CORRECTION: The original version of this columnist article contained errors and has been updated with corrections. FHA officials report that for homes up to $200,000, the seller concession will be capped at $6,000. For higher-priced homes, the limit will be 3 percent of the selling price or appraised value.
While the maximum seller concession on a $100,000 home would still be 6 percent, the seller contribution as a percentage of home price gradually slides down to 3 percent as the home price approaches $200,000. The maximum seller concession on a $300,000 home will be $9,000 — 3 percent of the home price — half of the $18,000 allowed under the current rule.
The Federal Housing Administration’s long-awaited rules on how much home sellers can contribute to buyers’ closing costs are finally out — sort of.
Rather than publishing final guidance on "seller concessions," the agency put out a Federal Register notice late last week saying, essentially: "OK folks, here’s what we plan to do — but if you don’t like it, we’ll give you just 30 days to tell us why."
As forecast in an earlier column (see "FHA may lower cap on seller concessions to buyers"), the almost-final rule abandons the agency’s previous plan to impose a flat 3 percent, across-the-board limit on settlement cost contributions by sellers that sweeten buyers’ deals.
That approach was strongly criticized by the National Association of Realtors and by prominent regional realty brokers as penalizing buyers and sellers in markets with low to moderate home-sale prices.
Limiting seller assistance to just 3 percent would smother sales, brokers complained, because many closing costs are fixed and represent a larger percentage of the bottom line in moderate-priced transactions compared with higher-cost sales.
FHA officials now say the agency intends to adopt a more nuanced approach. For homes up to $200,000, the seller concession will be capped at $6,000. For higher priced homes, the limit will be 3 percent of the selling price or appraised value.
So while the maximum seller concession on a $100,000 home would still be 6 percent, the seller contribution as a percentage of home price gradually slides down to 3 percent as the home price approaches $200,000.
For example, in the sale of a $100,000 home, the maximum seller concession would be $6,000, or 6 percent, under the new rule — the same as it is today.
On a $120,000 purchase, it would be 5 percent ($6,000 is 5 percent of $120,000). At a $140,000 selling price, the $6,000 cap would be 4.3 percent; at $180,000 it would be 3.3 percent. At $200,000, the $6,000 cap would equal 3 percent, but would still be one-half the $12,000 (6 percent) limit currently allowed.
The maximum seller concession on a $300,000 home will be $9,000 — 3 percent of the home price — half of the $18,000 allowed under the current rule.
In effect, FHA wants to rein in what it sees as unacceptable distortions of the true property value — and therefore its own risk of loss in the event of a default — as transaction prices rise.

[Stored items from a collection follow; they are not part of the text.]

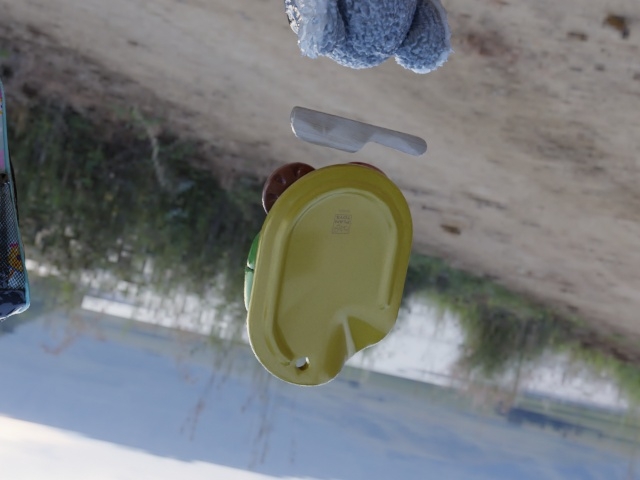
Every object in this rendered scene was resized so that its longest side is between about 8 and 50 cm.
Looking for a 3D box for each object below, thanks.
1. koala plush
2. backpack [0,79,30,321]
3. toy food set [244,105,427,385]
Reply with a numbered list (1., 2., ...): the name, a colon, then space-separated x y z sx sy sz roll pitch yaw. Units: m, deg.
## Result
1. koala plush: 0.018 -0.241 0.976 0.196 0.221 0.203 6 154 -46
2. backpack: -0.277 -0.041 0.771 0.144 0.188 0.166 2 180 -41
3. toy food set: 0.000 0.000 0.911 0.128 0.217 0.071 3 -161 -27
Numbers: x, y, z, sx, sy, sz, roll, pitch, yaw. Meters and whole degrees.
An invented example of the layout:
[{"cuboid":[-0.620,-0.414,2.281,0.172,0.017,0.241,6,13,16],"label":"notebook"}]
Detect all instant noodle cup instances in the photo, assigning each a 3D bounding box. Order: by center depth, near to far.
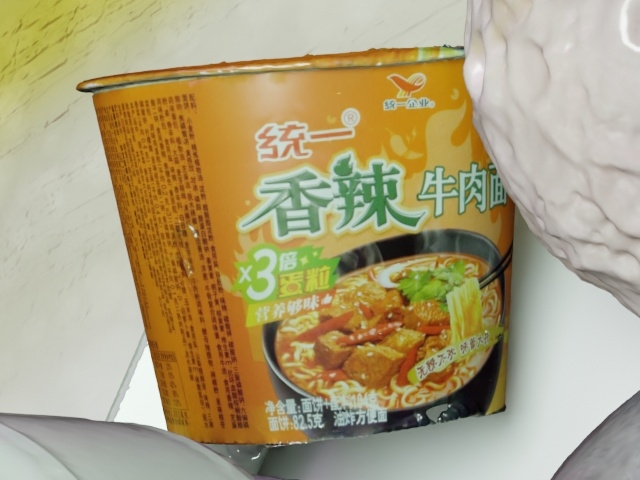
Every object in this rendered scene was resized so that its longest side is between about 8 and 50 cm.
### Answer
[{"cuboid":[0.000,0.000,0.989,0.230,0.230,0.182,-3,92,43],"label":"instant noodle cup"}]

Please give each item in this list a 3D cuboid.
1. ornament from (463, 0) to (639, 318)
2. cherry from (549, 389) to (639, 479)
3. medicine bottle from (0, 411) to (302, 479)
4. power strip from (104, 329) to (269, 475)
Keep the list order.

Left at its current 6 percent across-the-board approach, FHA noted, sellers can throw in as much as $43,785 in financial inducements to buyers in high-cost areas such as California, New York and Washington, D.C., where the maximum conforming loan limit is $729,750.
Fannie Mae and Freddie Mac have long limited seller contributions to a flat 3 percent of the selling price. The U.S. Department of Veterans Affairs allows 4 percent.
In its proposed rule, FHA also took aim at certain types of seller assistance — particularly those offered by some builders to bring buyers to the settlement table.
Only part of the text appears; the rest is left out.